Aim of the task:
Copy, from the data below, each line that has the word "image".

Input data:
-------

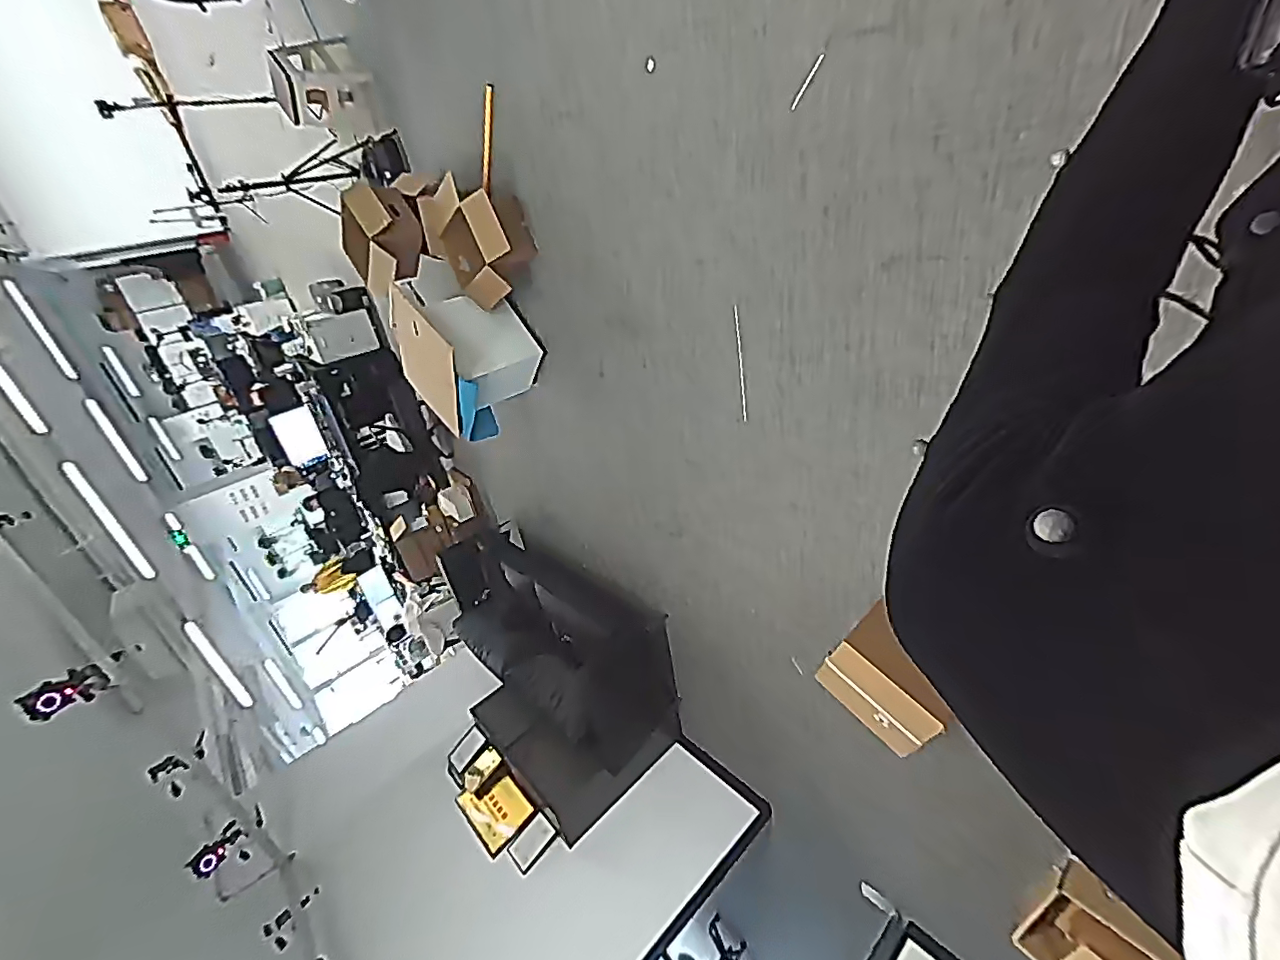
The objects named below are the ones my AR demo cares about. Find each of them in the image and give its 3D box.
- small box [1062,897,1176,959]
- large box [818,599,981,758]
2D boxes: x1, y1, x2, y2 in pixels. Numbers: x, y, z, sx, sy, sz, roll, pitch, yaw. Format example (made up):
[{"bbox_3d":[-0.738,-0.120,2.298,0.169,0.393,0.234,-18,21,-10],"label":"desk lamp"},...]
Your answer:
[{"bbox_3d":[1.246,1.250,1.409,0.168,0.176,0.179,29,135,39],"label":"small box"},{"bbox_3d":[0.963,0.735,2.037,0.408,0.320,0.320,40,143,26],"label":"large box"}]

-------

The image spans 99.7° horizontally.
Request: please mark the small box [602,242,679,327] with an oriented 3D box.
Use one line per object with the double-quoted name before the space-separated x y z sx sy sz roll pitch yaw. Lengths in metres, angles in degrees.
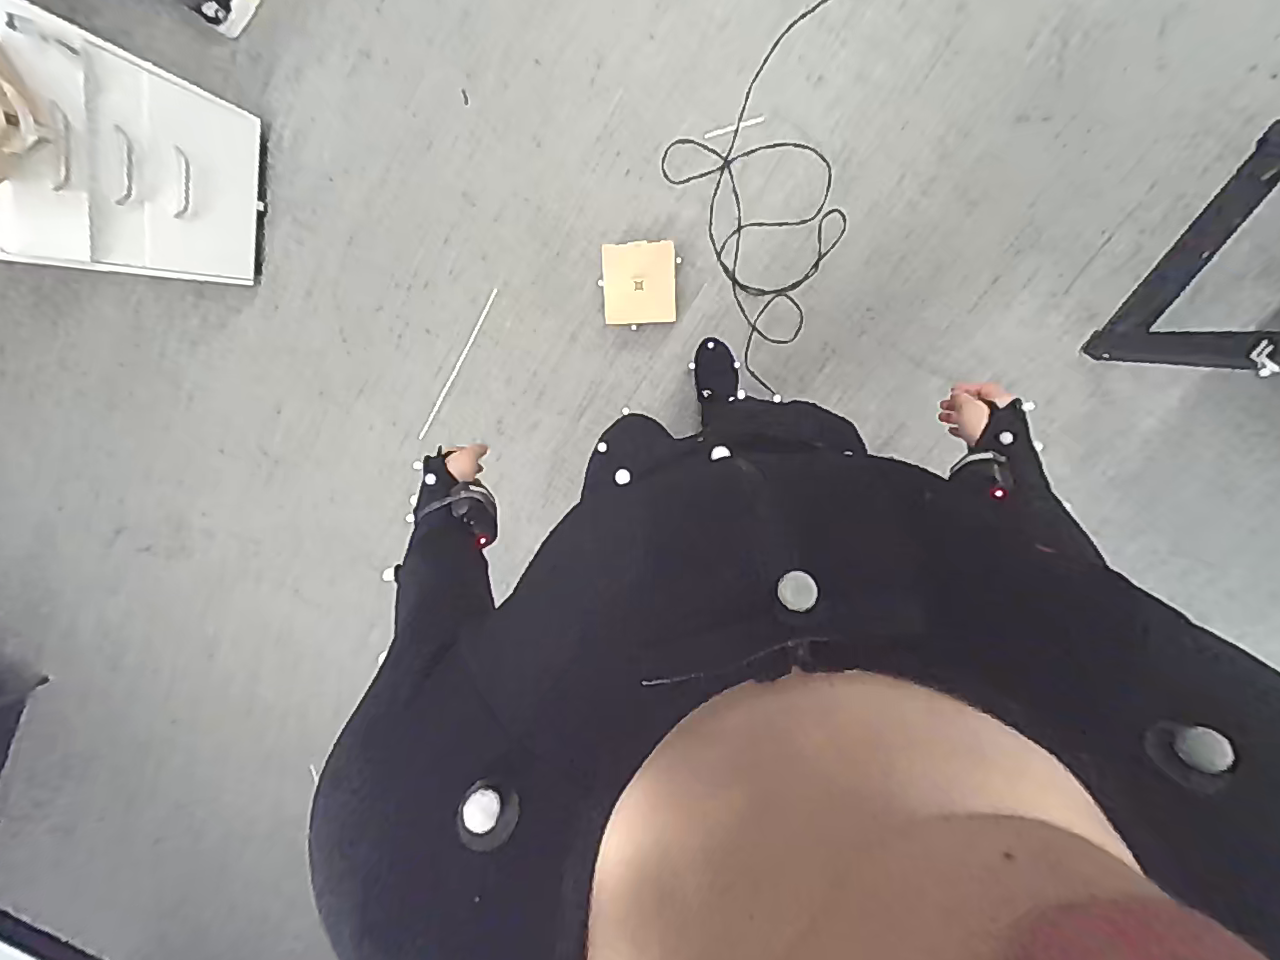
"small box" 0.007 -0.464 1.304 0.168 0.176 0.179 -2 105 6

-------

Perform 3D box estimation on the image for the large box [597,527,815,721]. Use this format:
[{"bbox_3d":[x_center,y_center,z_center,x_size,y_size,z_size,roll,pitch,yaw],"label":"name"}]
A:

-------

Result for this exercise:
The objects named below are the ones my AR demo cares about. Find each of them in the image and give its 3D box.
The image spans 99.7° horizontally.
Perform 3D box estimation on the image for the large box [597,527,815,721]. Use this format:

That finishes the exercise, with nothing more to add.